4. Kathleen Mulhern's "Trinitarian Spirituality, 18: Believing in the Right Direction"
 (link)
If you aren't Christian, this entry won't do much for you. But it has done something for me.

What K. Mulhern's posts in the middle of her series on the Trinity has indicated is that Trinitarian Christianity is invested in a God that is self-revealing. Specifically, if Christ is God incarnated on Earth, then there is something self-revealing about God. Oh, certainly there's a lot about God that remains mysterious, but it does seem that God would like us to know at least some of God's qualities. If God wants us to know at least some minimum of religious knowledge, then I presume it must be possible. This disrupts my tendencies to via negativa and analogous non-religious ways of thinking about knowledge.

5. Black holes
If the last post was rather religious, this one is rather nerdy. In the Philosophy of Mathematics course I took during my undergraduate degree, we were introduced to quite a few theories, including what's called realism or Platonism (numbers are real things that exist either in the Realm of Forms or as extensions of mathematical principles), nominalism (mathematics is an abstraction or approximation of reality relationships; this has an Aristotelian history), or fictionalism (mathematics is a fiction/metaphor we have found useful). My response was pretty much that fictionalism > nominalism > realism. I knew from the outset, though, that the big hurdle which fictionalism had to handle was the fact that math had predictive powers (most attempts to explain this with fictionalism turn fictionalism into nominalism). Most people describe the predictive powers by saying that bridges don't fall (because engineers use math and math works), but I always thought of Stephen Hawking's work on black holes.

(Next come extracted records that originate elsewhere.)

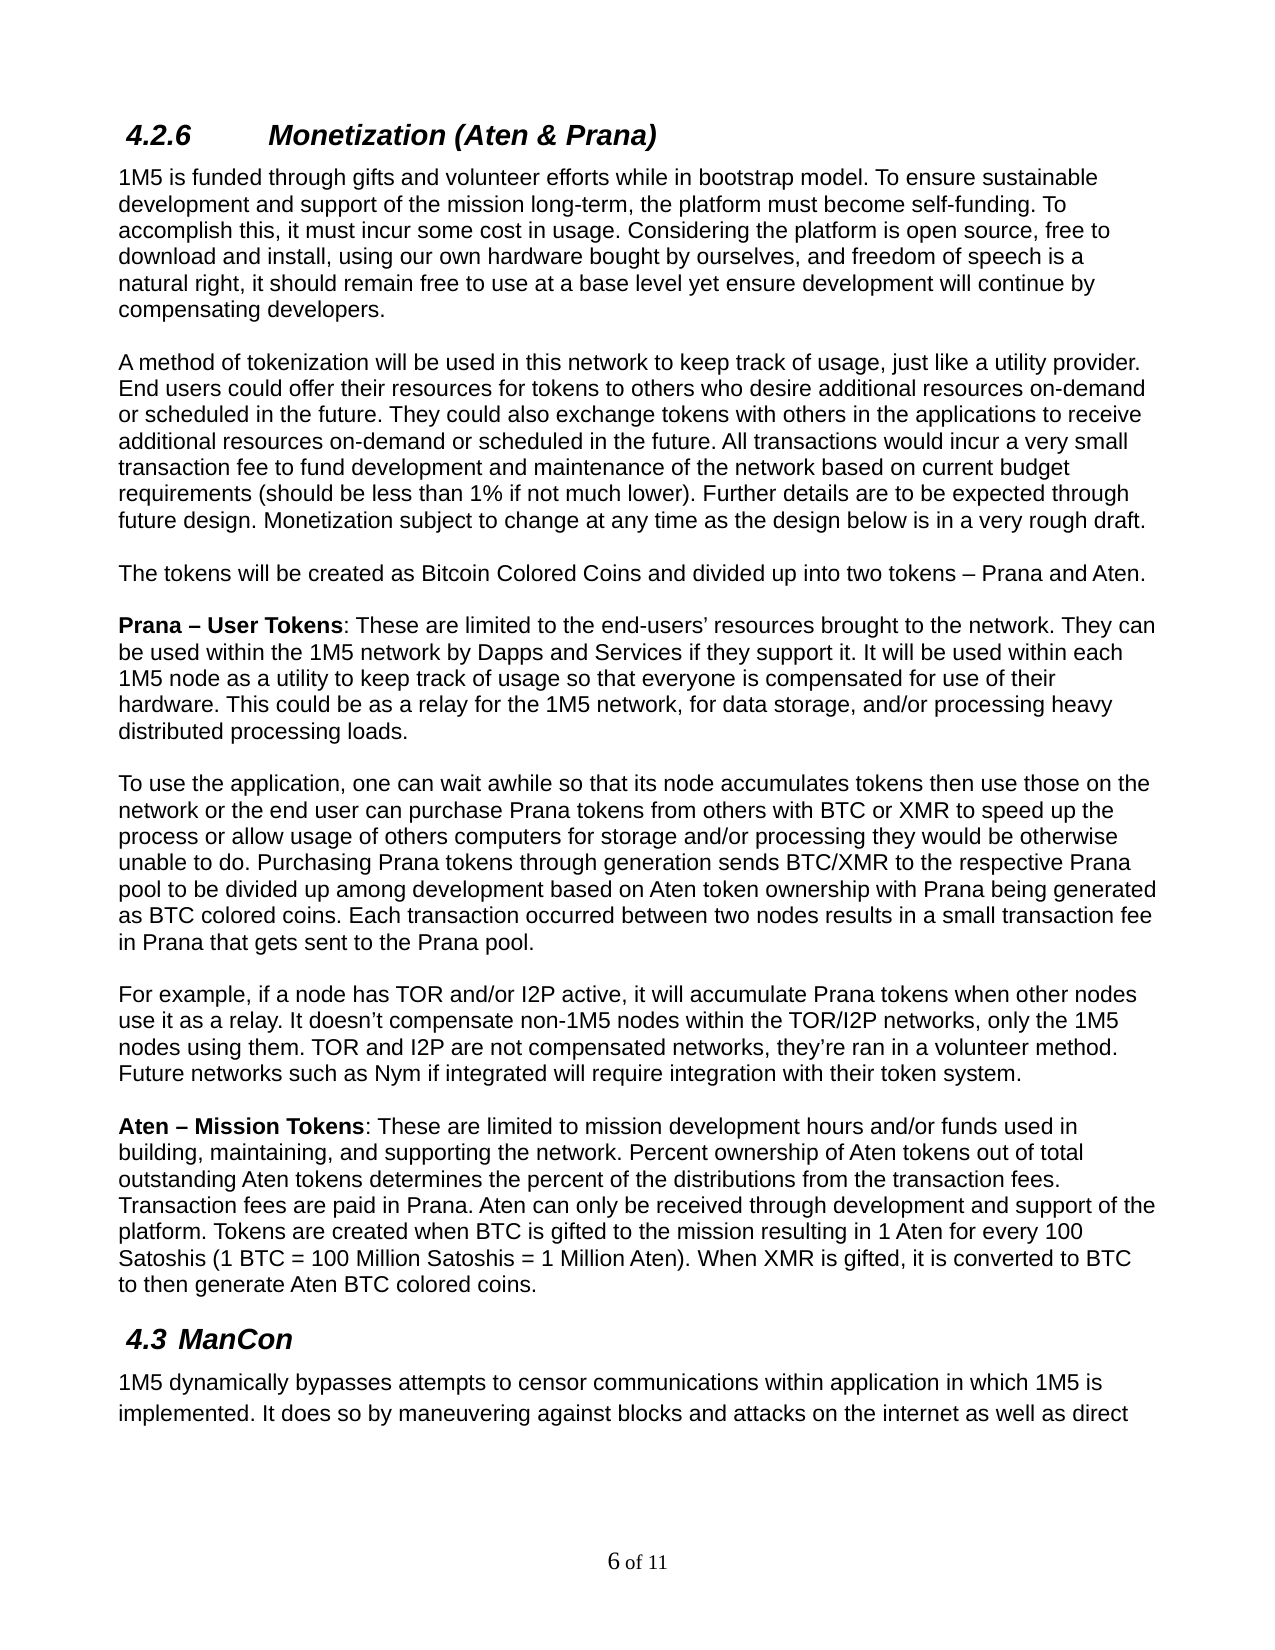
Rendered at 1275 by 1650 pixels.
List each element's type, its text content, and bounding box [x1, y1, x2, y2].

text To use the application, one can wait awhile so that its node accumulates tokens then use those on the network or the end user can purchase Prana tokens from others with BTC or XMR to speed up the process or allow usage of others computers for storage and/or processing they would be otherwise unable to do. Purchasing Prana tokens through generation sends BTC/XMR to the respective Prana pool to be divided up among development based on Aten token ownership with Prana being generated as BTC colored coins. Each transaction occurred between two nodes results in a small transaction fee in Prana that gets sent to the Prana pool. [118, 770, 1157, 955]
text For example, if a node has TOR and/or I2P active, it will accumulate Prana tokens when other nodes use it as a relay. It doesn’t compensate non-1M5 nodes within the TOR/I2P networks, only the 1M5 nodes using them. TOR and I2P are not compensated networks, they’re ran in a volunteer method. Future networks such as Nym if integrated will require integration with their token system. [118, 981, 1157, 1087]
subtitle Monetization (Aten & Prana) [118, 118, 1157, 152]
subtitle ManCon [118, 1322, 1157, 1356]
text 1M5 is funded through gifts and volunteer efforts while in bootstrap model. To ensure sustainable development and support of the mission long-term, the platform must become self-funding. To accomplish this, it must incur some cost in usage. Considering the platform is open source, free to download and install, using our own hardware bought by ourselves, and freedom of speech is a natural right, it should remain free to use at a base level yet ensure development will continue by compensating developers. [118, 164, 1157, 322]
text Aten – Mission Tokens: These are limited to mission development hours and/or funds used in building, maintaining, and supporting the network. Percent ownership of Aten tokens out of total outstanding Aten tokens determines the percent of the distributions from the transaction fees. Transaction fees are paid in Prana. Aten can only be received through development and support of the platform. Tokens are created when BTC is gifted to the mission resulting in 1 Aten for every 100 Satoshis (1 BTC = 100 Million Satoshis = 1 Million Aten). When XMR is gifted, it is converted to BTC to then generate Aten BTC colored coins. [118, 1113, 1157, 1297]
text 1M5 dynamically bypasses attempts to censor communications within application in which 1M5 is implemented. It does so by maneuvering against blocks and attacks on the internet as well as direct [118, 1368, 1157, 1426]
text Prana – User Tokens: These are limited to the end-users’ resources brought to the network. They can be used within the 1M5 network by Dapps and Services if they support it. It will be used within each 1M5 node as a utility to keep track of usage so that everyone is compensated for use of their hardware. This could be as a relay for the 1M5 network, for data storage, and/or processing heavy distributed processing loads. [118, 612, 1157, 744]
text A method of tokenization will be used in this network to keep track of usage, just like a utility provider. End users could offer their resources for tokens to others who desire additional resources on-demand or scheduled in the future. They could also exchange tokens with others in the applications to receive additional resources on-demand or scheduled in the future. All transactions would incur a very small transaction fee to fund development and maintenance of the network based on current budget requirements (should be less than 1% if not much lower). Further details are to be expected through future design. Monetization subject to change at any time as the design below is in a very rough draft. [118, 349, 1157, 533]
text The tokens will be created as Bitcoin Colored Coins and divided up into two tokens – Prana and Aten. [118, 559, 1157, 586]

The story generally goes that Stephen Hawking took some physical laws, crunched the numbers rather a lot, and then predicted that black holes must exist. Until this time, no one had the slightest idea about black holes, but when astronomers checked, they found evidence which suggested that they exist. It turns out this story might not be accurate, but the general lesson remains the same: physical laws are consistent and therefore predictable, and this predictability scales pretty well. We'd live in a pretty weird world if all this predictability was just a fluke.

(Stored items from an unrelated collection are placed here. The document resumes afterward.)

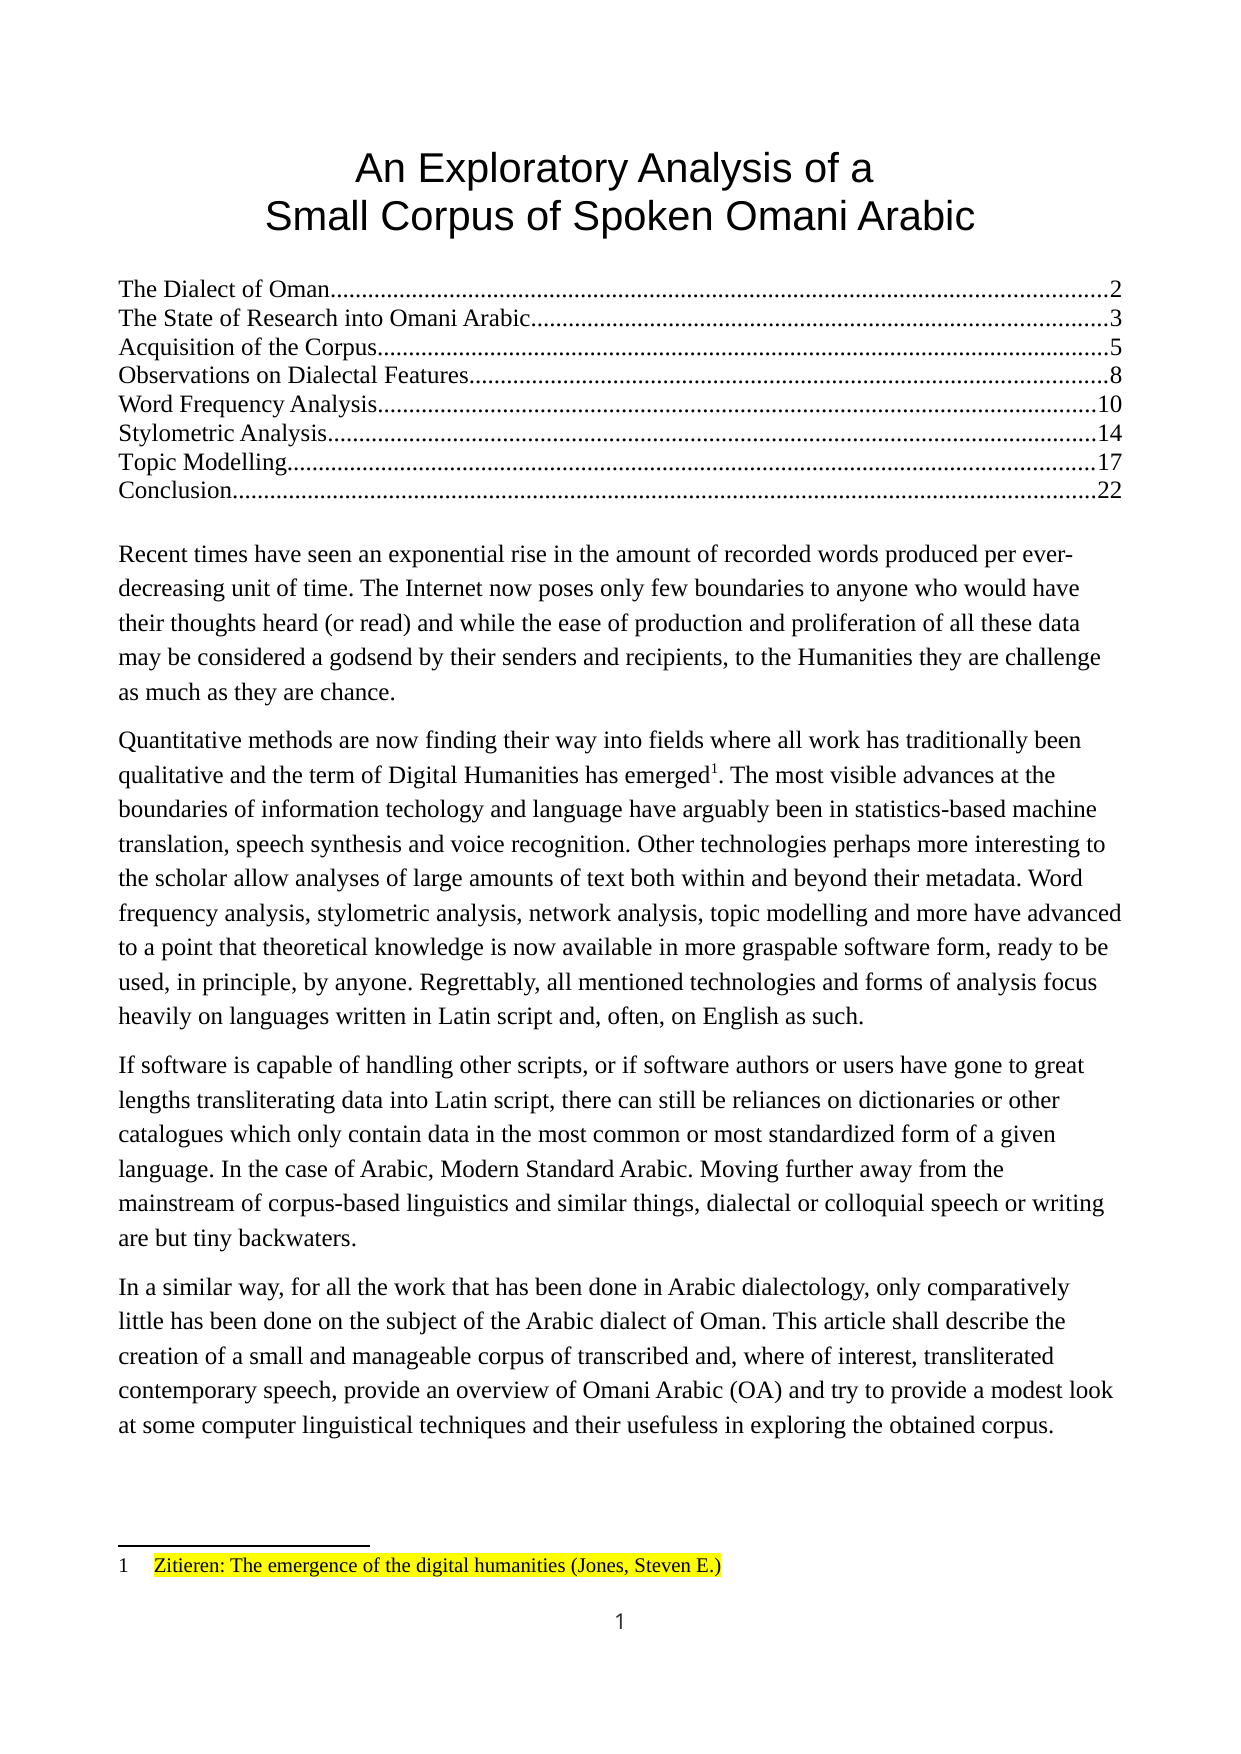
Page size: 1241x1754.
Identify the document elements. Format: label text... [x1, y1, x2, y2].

text Observations on Dialectal Features 8 [118, 360, 1122, 389]
text The State of Research into Omani Arabic 3 [118, 303, 1122, 332]
text Acquisition of the Corpus 5 [118, 332, 1122, 360]
text Stylometric Analysis 14 [118, 418, 1122, 447]
text Word Frequency Analysis 10 [118, 389, 1122, 418]
text In a similar way, for all the work that has been done in Arabic dialectology, only comparatively little has been done on the subject of the Arabic dialect of Oman. This article shall describe the creation of a small and manageable corpus of transcribed and, where of interest, transliterated contemporary speech, provide an overview of Omani Arabic (OA) and try to provide a modest look at some computer linguistical techniques and their usefuless in exploring the obtained corpus. [118, 1272, 1122, 1439]
text Recent times have seen an exponential rise in the amount of recorded words produced per ever-decreasing unit of time. The Internet now poses only few boundaries to anyone who would have their thoughts heard (or read) and while the ease of production and proliferation of all these data may be considered a godsend by their senders and recipients, to the Humanities they are challenge as much as they are chance. [118, 504, 1122, 705]
text Quantitative methods are now finding their way into fields where all work has traditionally been qualitative and the term of Digital Humanities has emerged. The most visible advances at the boundaries of information techology and language have arguably been in statistics-based machine translation, speech synthesis and voice recognition. Other technologies perhaps more interesting to the scholar allow analyses of large amounts of text both within and beyond their metadata. Word frequency analysis, stylometric analysis, network analysis, topic modelling and more have advanced to a point that theoretical knowledge is now available in more graspable software form, ready to be used, in principle, by anyone. Regrettably, all mentioned technologies and forms of analysis focus heavily on languages written in Latin script and, often, on English as such. [118, 726, 1122, 1030]
text Topic Modelling 17 [118, 447, 1122, 475]
text If software is capable of handling other scripts, or if software authors or users have gone to great lengths transliterating data into Latin script, there can still be reliances on dictionaries or other catalogues which only contain data in the most common or most standardized form of a given language. In the case of Arabic, Modern Standard Arabic. Moving further away from the mainstream of corpus-based linguistics and similar things, dialectal or colloquial speech or writing are but tiny backwaters. [118, 1051, 1122, 1252]
text The Dialect of Oman 2 [118, 274, 1122, 303]
text Conclusion 22 [118, 475, 1122, 504]
text Zitieren: The emergence of the digital humanities (Jones, Steven E.) [118, 1552, 1122, 1577]
subtitle An Exploratory Analysis of a Small Corpus of Spoken Omani Arabic [118, 143, 1122, 239]

So, black holes remind me that a lot of stuff is knowable, and I try to remember them when I start getting too skeptical.

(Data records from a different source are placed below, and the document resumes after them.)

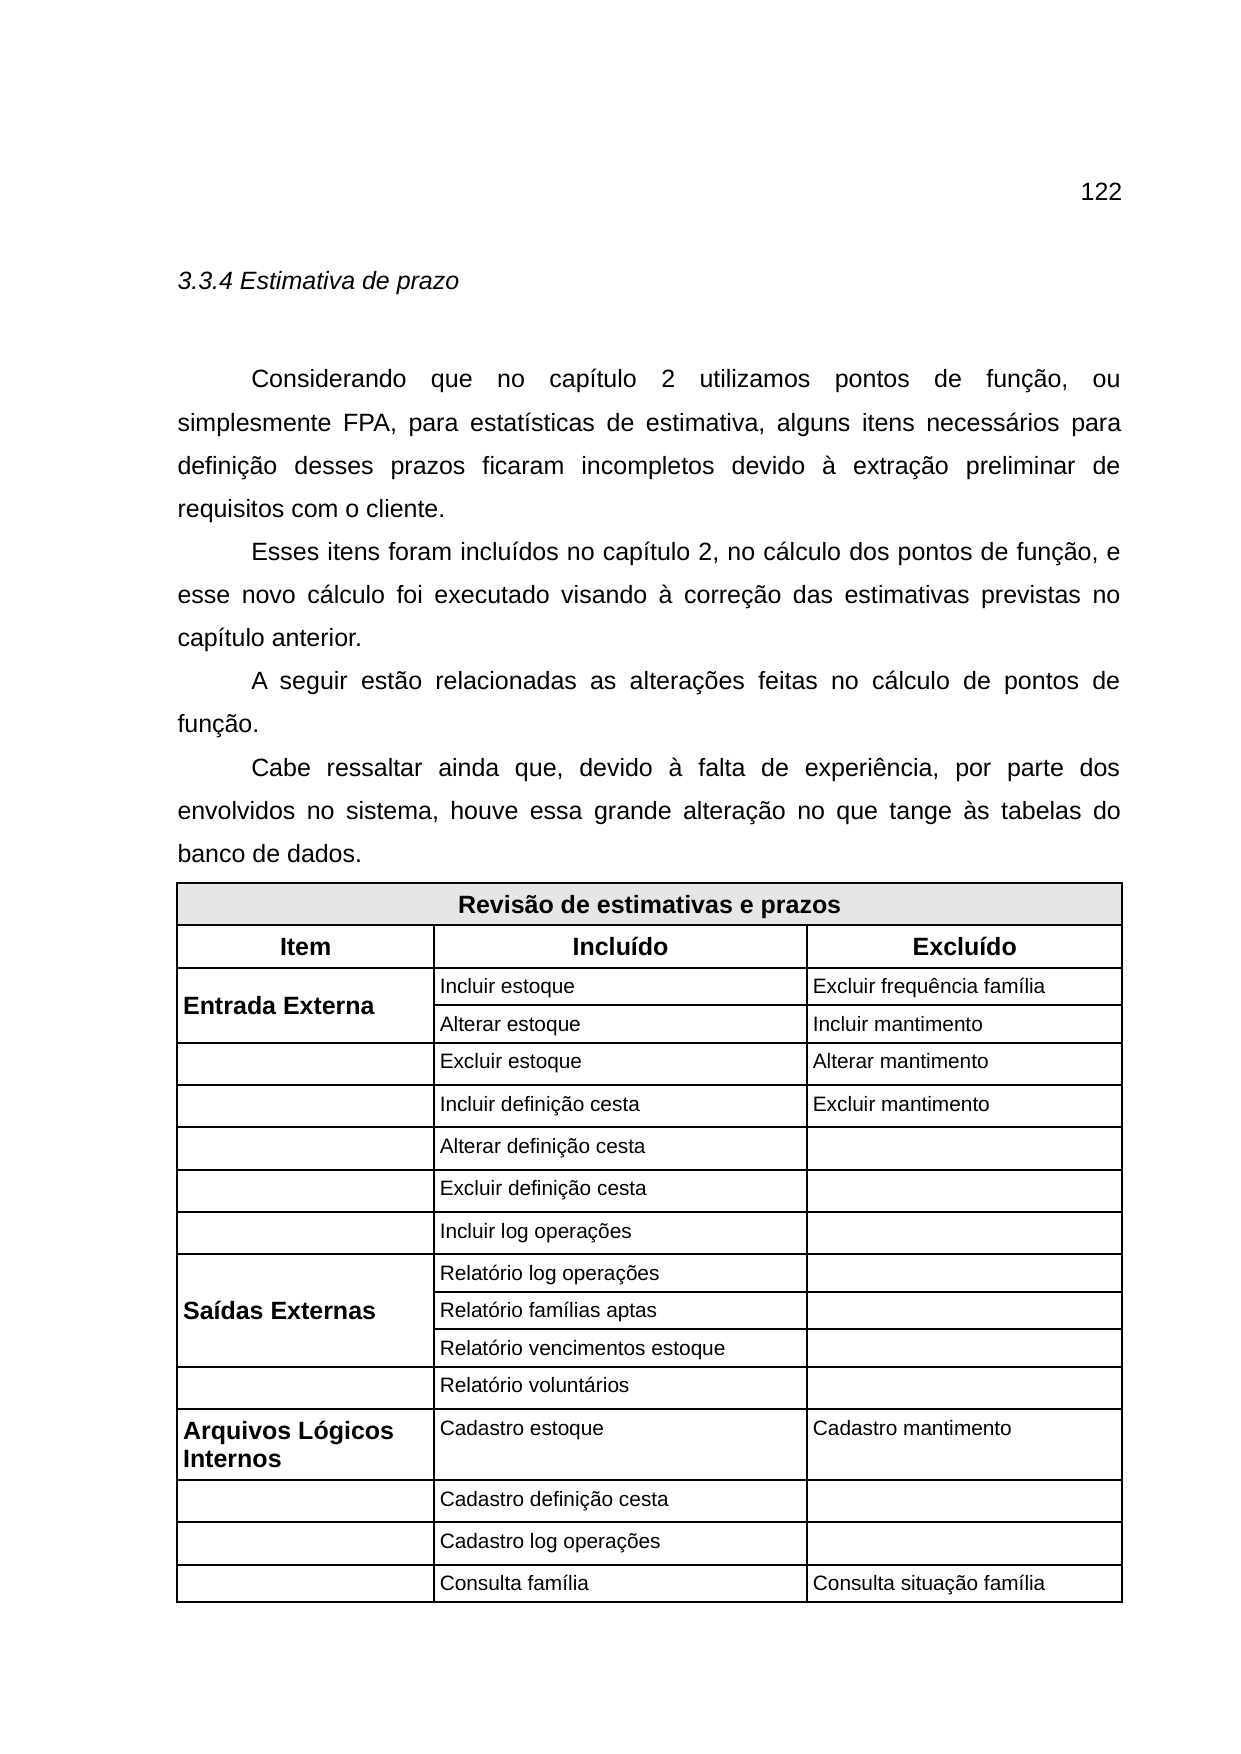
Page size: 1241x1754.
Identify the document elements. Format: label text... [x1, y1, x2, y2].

table_cell Excluir definição cesta [435, 1171, 806, 1211]
table_cell [178, 1128, 433, 1168]
table_cell Incluir log operações [435, 1213, 806, 1253]
table_cell Entrada Externa [178, 969, 433, 1042]
table_cell [178, 1566, 433, 1601]
table_cell [178, 1213, 433, 1253]
text Considerando que no capítulo 2 utilizamos pontos de função, ou simplesmente FPA, para estatísticas de estimativa, alguns itens necessários para definição desses prazos ficaram incompletos devido à extração preliminar de requisitos com o cliente. [177, 364, 1122, 523]
table_cell [808, 1128, 1121, 1168]
table_cell [178, 1368, 433, 1408]
table_cell Incluir mantimento [808, 1006, 1121, 1042]
table_cell Alterar definição cesta [435, 1128, 806, 1168]
table_cell Alterar mantimento [808, 1044, 1121, 1084]
table_cell Excluir estoque [435, 1044, 806, 1084]
table_cell Excluído [808, 926, 1121, 967]
table_cell Consulta família [435, 1566, 806, 1601]
table_cell Cadastro definição cesta [435, 1481, 806, 1521]
text A seguir estão relacionadas as alterações feitas no cálculo de pontos de função. [177, 666, 1122, 738]
table_cell Item [178, 926, 433, 967]
table_cell Cadastro log operações [435, 1523, 806, 1563]
table_cell [808, 1481, 1121, 1521]
text Cabe ressaltar ainda que, devido à falta de experiência, por parte dos envolvidos no sistema, houve essa grande alteração no que tange às tabelas do banco de dados. [177, 753, 1122, 868]
table_cell [178, 1481, 433, 1521]
table_cell Arquivos Lógicos Internos [178, 1410, 433, 1479]
table_cell Relatório vencimentos estoque [435, 1330, 806, 1366]
table_cell Alterar estoque [435, 1006, 806, 1042]
table_cell Consulta situação família [808, 1566, 1121, 1601]
table_cell Incluir estoque [435, 969, 806, 1004]
table_cell Relatório famílias aptas [435, 1293, 806, 1328]
table_cell [178, 1086, 433, 1126]
table_cell Incluir definição cesta [435, 1086, 806, 1126]
table_cell Relatório voluntários [435, 1368, 806, 1408]
table_cell Relatório log operações [435, 1255, 806, 1291]
table_cell [808, 1213, 1121, 1253]
text Esses itens foram incluídos no capítulo 2, no cálculo dos pontos de função, e esse novo cálculo foi executado visando à correção das estimativas previstas no capítulo anterior. [177, 537, 1122, 652]
table_cell Saídas Externas [178, 1255, 433, 1366]
table_cell [178, 1044, 433, 1084]
table_cell Incluído [435, 926, 806, 967]
table_cell Cadastro mantimento [808, 1410, 1121, 1479]
table_cell [808, 1523, 1121, 1563]
table_cell [808, 1330, 1121, 1366]
table_cell Excluir mantimento [808, 1086, 1121, 1126]
table_header Revisão de estimativas e prazos [178, 884, 1121, 924]
subtitle 3.3.4 Estimativa de prazo [177, 266, 1122, 294]
table_cell [808, 1368, 1121, 1408]
table_cell [808, 1255, 1121, 1291]
table_cell [178, 1523, 433, 1563]
table_cell Excluir frequência família [808, 969, 1121, 1004]
table_cell [808, 1293, 1121, 1328]
table_cell Cadastro estoque [435, 1410, 806, 1479]
table_cell [178, 1171, 433, 1211]
table_cell [808, 1171, 1121, 1211]

6. Richard Beck's "Gracious Doubt" (link)
You know those times when you encounter something--maybe something a friend says, or a passage in a book, or what-have-you--which shows you, clearly and without compromise, a way you've gone wrong? That's what this post was to me. It is, yet again, a short post, so feel free to go read it.

I suppose what I managed to mess up was this: in feeling demeaned by those who were certain, I (sometimes) became antagonistic against certainty itself. In trying to make space for uncertainty, for doubt, I wasn't at all interested in making space for certainty. I recognize this now as uncharitable. I suppose this post did not really move me on this issue, so much as remind me that I needed to adjust my emotional response. And, possibly, offer an apology if I ever demeaned anyone myself. In which case, I'm sorry.

Which isn't to say I'm OK with people getting on their high horse against doubt, which is still a big issue.